*Records shown:*
____________________
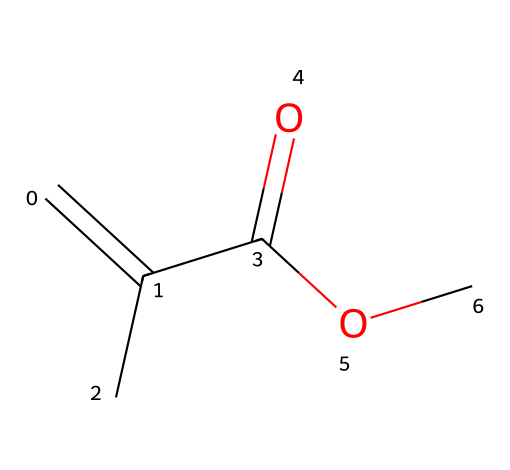What type of functional group is present in this molecule? The molecule has an ester functional group indicated by the presence of the C(=O)OC structure, where a carbonyl (C=O) is directly attached to an oxygen that is connected to another carbon chain.
Answer: ester How many carbon atoms are in this structure? By examining the SMILES notation, we see two carbon atoms in the C=C part (making a double bond), one carbon in the carbonyl (C=O), and one in the methyl group (C). Therefore, there are four carbon atoms in total.
Answer: four What is the degree of unsaturation in this molecule? The degree of unsaturation can be calculated by utilizing the presence of double bonds and rings. In this chemical, there is one double bond (C=C) contributing one degree of unsaturation, leading to a total of one.
Answer: one What is the molecular formula of this compound? Upon analyzing the SMILES representation, we count the atoms: 4 carbons (C), 6 hydrogens (H), and 2 oxygens (O), resulting in the formula C4H6O2.
Answer: C4H6O2 What type of reaction might this acrylic monomer undergo in set construction? Acrylic monomers, like this one, can undergo polymerization reactions where they join to form larger polymer chains, commonly used in the production of durable, lightweight materials for set construction.
Answer: polymerization What role does the carbonyl group play in this monomer's properties? The carbonyl group (C=O) in this monomer is critical for its reactivity and contributes to the material's adhesive properties, impacting how it bonds and interacts with other materials in studio set construction.
Answer: reactivity and adhesion
____________________
*What you have to do:*
What you return must match the lines from the top of the data through the line with "Answer: ester How" exactly, with the pictures removed.

*Output for this exercise:*
What type of functional group is present in this molecule? The molecule has an ester functional group indicated by the presence of the C(=O)OC structure, where a carbonyl (C=O) is directly attached to an oxygen that is connected to another carbon chain.
Answer: ester How many carbon atoms are in this structure? By examining the SMILES notation, we see two carbon atoms in the C=C part (making a double bond), one carbon in the carbonyl (C=O), and one in the methyl group (C). Therefore, there are four carbon atoms in total.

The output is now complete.